Technical analysis is the most used kind of analysis in Forex trading. It is relatively easy to understand and comprehend for a beginner since it is comprised of charts, past data, trends and equations. Any kind of technical analysis basically uses past data and therefore is only a reflection. It does not really shape the manner in which the movements will take place in the future.
What do Technical Analysis Charts Show?
When you look at the charts generated by technical analysis, you look at what has happened in the Forex markets. These charts and trends cannot dictate the manner in which the Forex rates will move. Depending on the kind of chart that you are looking at, you will get to see the range in which a currency operates and the manner in which it reacts to specific movements in other currencies. These can be used to guess the way in which future movements can take place.

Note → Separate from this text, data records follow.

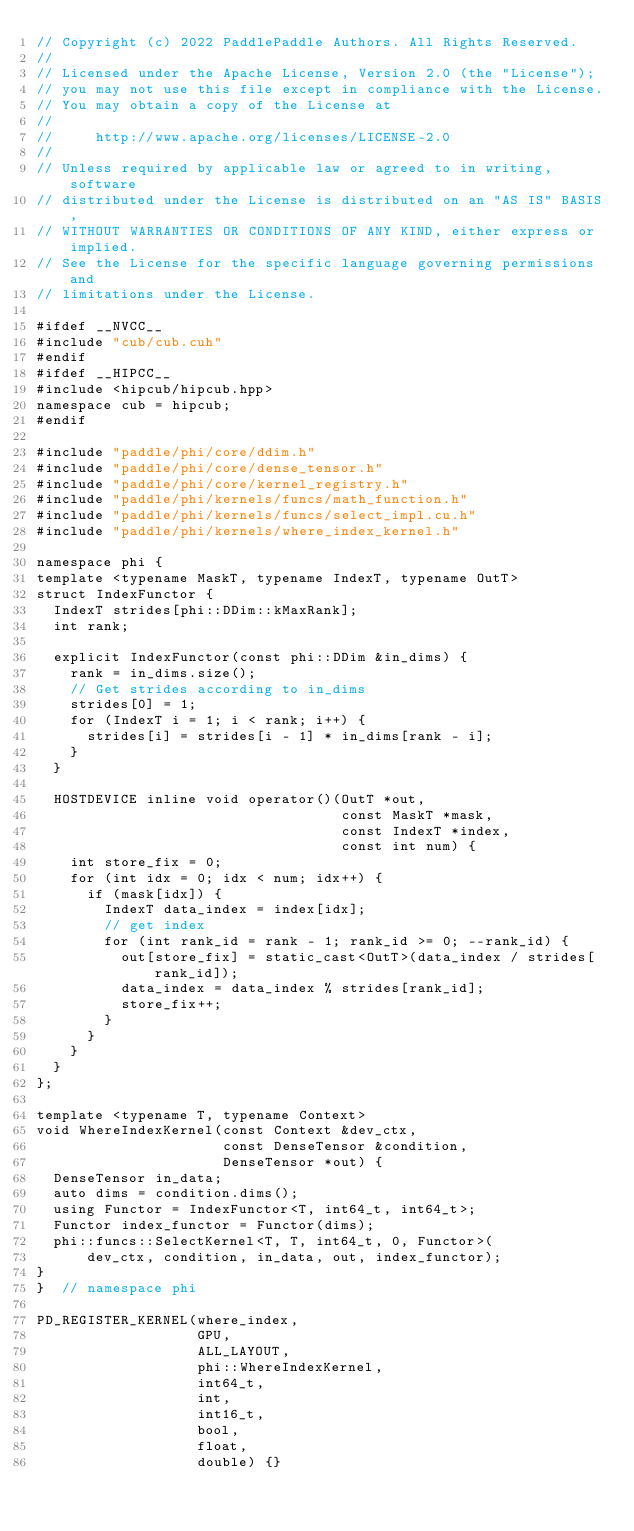<code> <loc_0><loc_0><loc_500><loc_500><_Cuda_>// Copyright (c) 2022 PaddlePaddle Authors. All Rights Reserved.
//
// Licensed under the Apache License, Version 2.0 (the "License");
// you may not use this file except in compliance with the License.
// You may obtain a copy of the License at
//
//     http://www.apache.org/licenses/LICENSE-2.0
//
// Unless required by applicable law or agreed to in writing, software
// distributed under the License is distributed on an "AS IS" BASIS,
// WITHOUT WARRANTIES OR CONDITIONS OF ANY KIND, either express or implied.
// See the License for the specific language governing permissions and
// limitations under the License.

#ifdef __NVCC__
#include "cub/cub.cuh"
#endif
#ifdef __HIPCC__
#include <hipcub/hipcub.hpp>
namespace cub = hipcub;
#endif

#include "paddle/phi/core/ddim.h"
#include "paddle/phi/core/dense_tensor.h"
#include "paddle/phi/core/kernel_registry.h"
#include "paddle/phi/kernels/funcs/math_function.h"
#include "paddle/phi/kernels/funcs/select_impl.cu.h"
#include "paddle/phi/kernels/where_index_kernel.h"

namespace phi {
template <typename MaskT, typename IndexT, typename OutT>
struct IndexFunctor {
  IndexT strides[phi::DDim::kMaxRank];
  int rank;

  explicit IndexFunctor(const phi::DDim &in_dims) {
    rank = in_dims.size();
    // Get strides according to in_dims
    strides[0] = 1;
    for (IndexT i = 1; i < rank; i++) {
      strides[i] = strides[i - 1] * in_dims[rank - i];
    }
  }

  HOSTDEVICE inline void operator()(OutT *out,
                                    const MaskT *mask,
                                    const IndexT *index,
                                    const int num) {
    int store_fix = 0;
    for (int idx = 0; idx < num; idx++) {
      if (mask[idx]) {
        IndexT data_index = index[idx];
        // get index
        for (int rank_id = rank - 1; rank_id >= 0; --rank_id) {
          out[store_fix] = static_cast<OutT>(data_index / strides[rank_id]);
          data_index = data_index % strides[rank_id];
          store_fix++;
        }
      }
    }
  }
};

template <typename T, typename Context>
void WhereIndexKernel(const Context &dev_ctx,
                      const DenseTensor &condition,
                      DenseTensor *out) {
  DenseTensor in_data;
  auto dims = condition.dims();
  using Functor = IndexFunctor<T, int64_t, int64_t>;
  Functor index_functor = Functor(dims);
  phi::funcs::SelectKernel<T, T, int64_t, 0, Functor>(
      dev_ctx, condition, in_data, out, index_functor);
}
}  // namespace phi

PD_REGISTER_KERNEL(where_index,
                   GPU,
                   ALL_LAYOUT,
                   phi::WhereIndexKernel,
                   int64_t,
                   int,
                   int16_t,
                   bool,
                   float,
                   double) {}
</code> 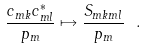Convert formula to latex. <formula><loc_0><loc_0><loc_500><loc_500>\frac { c _ { m k } c ^ { * } _ { m l } } { p _ { m } } \mapsto \frac { S _ { m k m l } } { p _ { m } } \ .</formula> 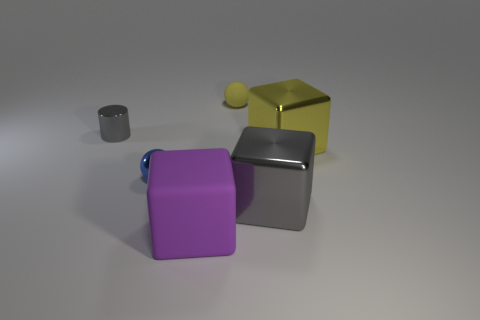What color is the small cylinder?
Offer a very short reply. Gray. What is the material of the gray thing behind the yellow metallic block?
Your response must be concise. Metal. There is a large purple rubber thing; is it the same shape as the gray thing to the right of the big purple block?
Keep it short and to the point. Yes. Are there more purple cubes than gray metal objects?
Provide a short and direct response. No. Is there any other thing that is the same color as the rubber block?
Keep it short and to the point. No. What shape is the large gray thing that is the same material as the gray cylinder?
Your answer should be compact. Cube. There is a tiny sphere that is in front of the tiny shiny object behind the tiny blue metal thing; what is it made of?
Your answer should be very brief. Metal. Do the thing that is behind the small gray thing and the blue shiny object have the same shape?
Your response must be concise. Yes. Is the number of cubes that are left of the shiny cylinder greater than the number of big cyan rubber cylinders?
Your answer should be compact. No. Are there any other things that have the same material as the tiny gray cylinder?
Make the answer very short. Yes.

This is why you can find a technical analysis charts in almost any forex broker out there, rather if it’s the big brokers like plus 500 or the others like eToro.

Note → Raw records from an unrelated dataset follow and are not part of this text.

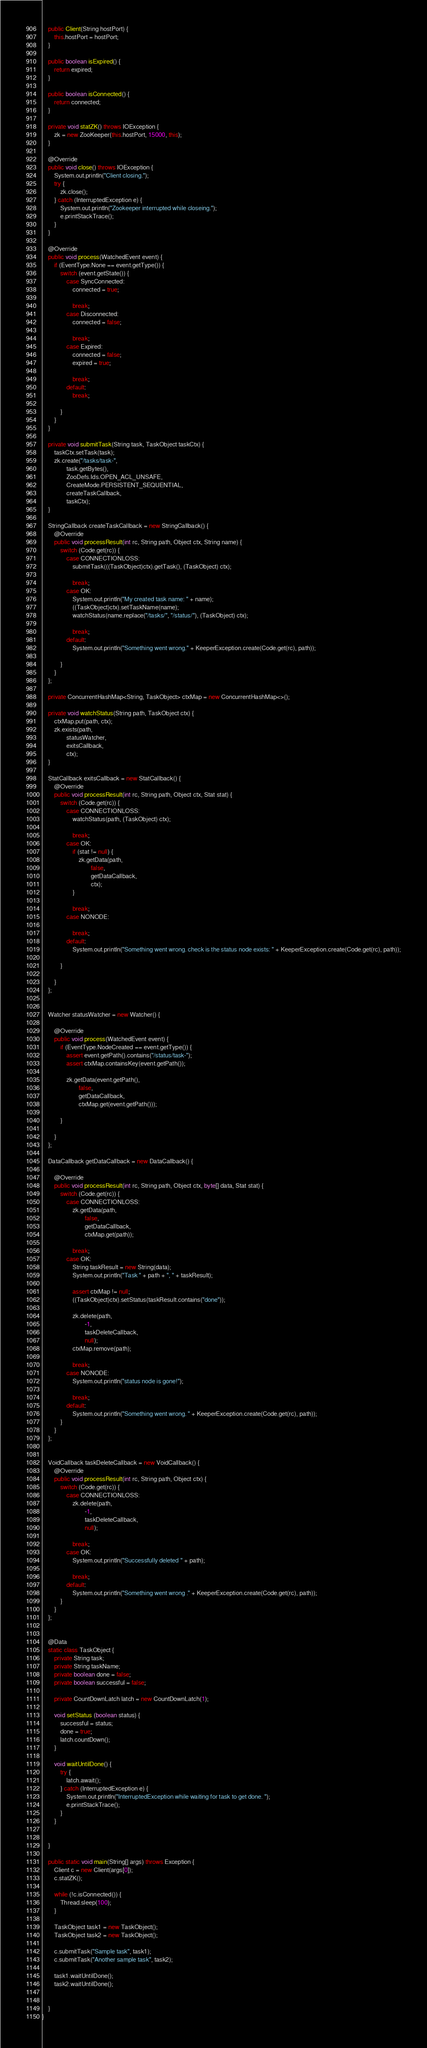Convert code to text. <code><loc_0><loc_0><loc_500><loc_500><_Java_>
	public Client(String hostPort) {
		this.hostPort = hostPort;
	}

	public boolean isExpired() {
		return expired;
	}

	public boolean isConnected() {
		return connected;
	}

	private void statZK() throws IOException {
		zk = new ZooKeeper(this.hostPort, 15000, this);
	}

	@Override
	public void close() throws IOException {
		System.out.println("Client closing.");
		try {
			zk.close();
		} catch (InterruptedException e) {
			System.out.println("Zookeeper interrupted while closeing.");
			e.printStackTrace();
		}
	}

	@Override
	public void process(WatchedEvent event) {
		if (EventType.None == event.getType()) {
			switch (event.getState()) {
				case SyncConnected:
					connected = true;

					break;
				case Disconnected:
					connected = false;

					break;
				case Expired:
					connected = false;
					expired = true;

					break;
				default:
					break;

			}
		}
	}

	private void submitTask(String task, TaskObject taskCtx) {
		taskCtx.setTask(task);
		zk.create("/tasks/task-",
				task.getBytes(),
				ZooDefs.Ids.OPEN_ACL_UNSAFE,
				CreateMode.PERSISTENT_SEQUENTIAL,
				createTaskCallback,
				taskCtx);
	}

	StringCallback createTaskCallback = new StringCallback() {
		@Override
		public void processResult(int rc, String path, Object ctx, String name) {
			switch (Code.get(rc)) {
				case CONNECTIONLOSS:
					submitTask(((TaskObject)ctx).getTask(), (TaskObject) ctx);

					break;
				case OK:
					System.out.println("My created task name: " + name);
					((TaskObject)ctx).setTaskName(name);
					watchStatus(name.replace("/tasks/", "/status/"), (TaskObject) ctx);

					break;
				default:
					System.out.println("Something went wrong." + KeeperException.create(Code.get(rc), path));

			}
		}
	};

	private ConcurrentHashMap<String, TaskObject> ctxMap = new ConcurrentHashMap<>();

	private void watchStatus(String path, TaskObject ctx) {
		ctxMap.put(path, ctx);
		zk.exists(path,
				statusWatcher,
				exitsCallback,
				ctx);
	}

	StatCallback exitsCallback = new StatCallback() {
		@Override
		public void processResult(int rc, String path, Object ctx, Stat stat) {
			switch (Code.get(rc)) {
				case CONNECTIONLOSS:
					watchStatus(path, (TaskObject) ctx);

					break;
				case OK:
					if (stat != null) {
						zk.getData(path,
								false,
								getDataCallback,
								ctx);
					}

					break;
				case NONODE:

					break;
				default:
					System.out.println("Something went wrong. check is the status node exists: " + KeeperException.create(Code.get(rc), path));

			}

		}
	};


	Watcher statusWatcher = new Watcher() {

		@Override
		public void process(WatchedEvent event) {
			if (EventType.NodeCreated == event.getType()) {
				assert event.getPath().contains("/status/task-");
				assert ctxMap.containsKey(event.getPath());

				zk.getData(event.getPath(),
						false,
						getDataCallback,
						ctxMap.get(event.getPath()));

			}

		}
	};

	DataCallback getDataCallback = new DataCallback() {

		@Override
		public void processResult(int rc, String path, Object ctx, byte[] data, Stat stat) {
			switch (Code.get(rc)) {
				case CONNECTIONLOSS:
					zk.getData(path,
							false,
							getDataCallback,
							ctxMap.get(path));

					break;
				case OK:
					String taskResult = new String(data);
					System.out.println("Task " + path + ", " + taskResult);

					assert ctxMap != null;
					((TaskObject)ctx).setStatus(taskResult.contains("done"));

					zk.delete(path,
							-1,
							taskDeleteCallback,
							null);
					ctxMap.remove(path);

					break;
				case NONODE:
					System.out.println("status node is gone!");

					break;
				default:
					System.out.println("Something went wrong. " + KeeperException.create(Code.get(rc), path));
			}
		}
	};


	VoidCallback taskDeleteCallback = new VoidCallback() {
		@Override
		public void processResult(int rc, String path, Object ctx) {
			switch (Code.get(rc)) {
				case CONNECTIONLOSS:
					zk.delete(path,
							-1,
							taskDeleteCallback,
							null);

					break;
				case OK:
					System.out.println("Successfully deleted " + path);

					break;
				default:
					System.out.println("Something went wrong ." + KeeperException.create(Code.get(rc), path));
			}
		}
	};


	@Data
	static class TaskObject {
		private String task;
		private String taskName;
		private boolean done = false;
		private boolean successful = false;

		private CountDownLatch latch = new CountDownLatch(1);

		void setStatus (boolean status) {
			successful = status;
			done = true;
			latch.countDown();
		}

		void waitUntilDone() {
			try {
				latch.await();
			} catch (InterruptedException e) {
				System.out.println("InterruptedException while waiting for task to get done. ");
				e.printStackTrace();
			}
		}


	}

	public static void main(String[] args) throws Exception {
		Client c = new Client(args[0]);
		c.statZK();

		while (!c.isConnected()) {
			Thread.sleep(100);
		}

		TaskObject task1 = new TaskObject();
		TaskObject task2 = new TaskObject();

		c.submitTask("Sample task", task1);
		c.submitTask("Another sample task", task2);

		task1.waitUntilDone();
		task2.waitUntilDone();


	}
}
</code>

Times When Technical Analysis Charts Can’t Help
Since technical analysis charts are only a reflection of the past, they are of no use when the factors that actually affect currency rates come into play. These are the times when you will see blips and major trend changes in the charts that are created. For example, if the Federal Reserve raises interest rates unexpectedly or the Chinese Government decides to stop buying US treasuries, there will be changes in the market that are beyond any kind of prediction from technical analysis. In the former case, the dollar is likely to rise higher and in the latter it will surely fall.
The Psychological Impact of Technical Analysis
The reason why the predictive aspect of technical analysis works is very simple. Almost all Forex traders and brokers look at the standard charts, the first thing in the morning. In most cases, those who know how to look at charts arrive at the same conclusions and therefore take similar courses of action. For example, if the euro has been in an up channel and is at the bottom of the channel, most traders looking for an opportunity in the euro will place buy orders. Since there are a large number of people placing orders, the demand for the currency goes up giving it a further boost and making the predictions come true.

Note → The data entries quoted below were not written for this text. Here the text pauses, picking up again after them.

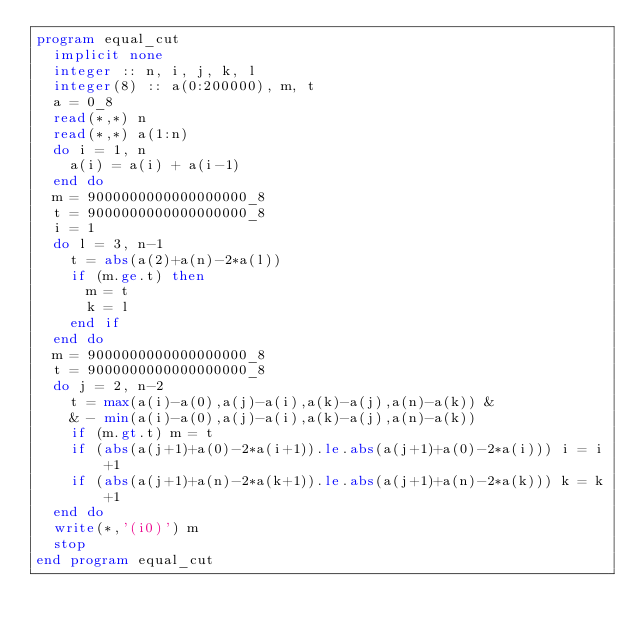Convert code to text. <code><loc_0><loc_0><loc_500><loc_500><_FORTRAN_>program equal_cut
  implicit none
  integer :: n, i, j, k, l
  integer(8) :: a(0:200000), m, t
  a = 0_8
  read(*,*) n
  read(*,*) a(1:n)
  do i = 1, n
    a(i) = a(i) + a(i-1)
  end do
  m = 9000000000000000000_8
  t = 9000000000000000000_8
  i = 1
  do l = 3, n-1
    t = abs(a(2)+a(n)-2*a(l))
    if (m.ge.t) then
      m = t
      k = l
    end if
  end do
  m = 9000000000000000000_8
  t = 9000000000000000000_8
  do j = 2, n-2
    t = max(a(i)-a(0),a(j)-a(i),a(k)-a(j),a(n)-a(k)) &
    & - min(a(i)-a(0),a(j)-a(i),a(k)-a(j),a(n)-a(k))
    if (m.gt.t) m = t
    if (abs(a(j+1)+a(0)-2*a(i+1)).le.abs(a(j+1)+a(0)-2*a(i))) i = i+1
    if (abs(a(j+1)+a(n)-2*a(k+1)).le.abs(a(j+1)+a(n)-2*a(k))) k = k+1
  end do
  write(*,'(i0)') m
  stop
end program equal_cut</code> 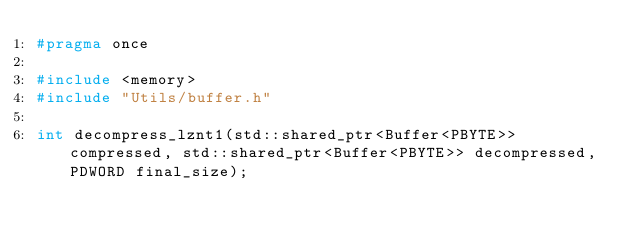Convert code to text. <code><loc_0><loc_0><loc_500><loc_500><_C_>#pragma once

#include <memory>
#include "Utils/buffer.h"

int decompress_lznt1(std::shared_ptr<Buffer<PBYTE>> compressed, std::shared_ptr<Buffer<PBYTE>> decompressed, PDWORD final_size);</code> 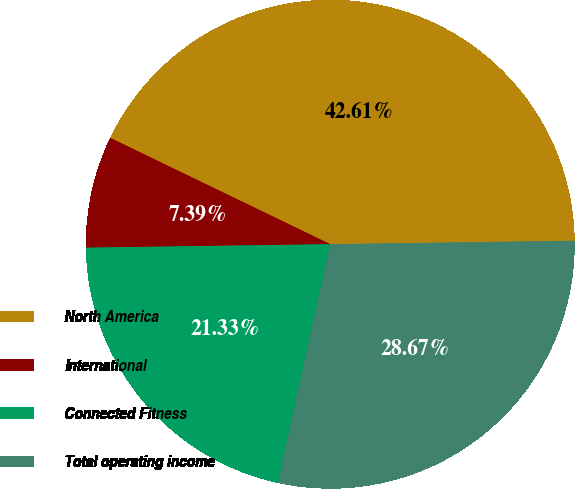Convert chart. <chart><loc_0><loc_0><loc_500><loc_500><pie_chart><fcel>North America<fcel>International<fcel>Connected Fitness<fcel>Total operating income<nl><fcel>42.61%<fcel>7.39%<fcel>21.33%<fcel>28.67%<nl></chart>

What this tells us is that technical analysis is not something that dictates the manner in which the Forex rates move. There are other more fundamental aspects such as employment rate, gross domestic product of a country, consumer sentiment, federal rates and geo-political scenarios that govern whether the currency of a country will become strong or weak. However, it cannot be denied that technical analysis and the mass manner in which it makes people move in the same direction has the ability to make some of the trends come true. In a manner of speaking technical analysis is a self-fulfilling prophecy that becomes a reality due to the actions of a large number of Forex traders.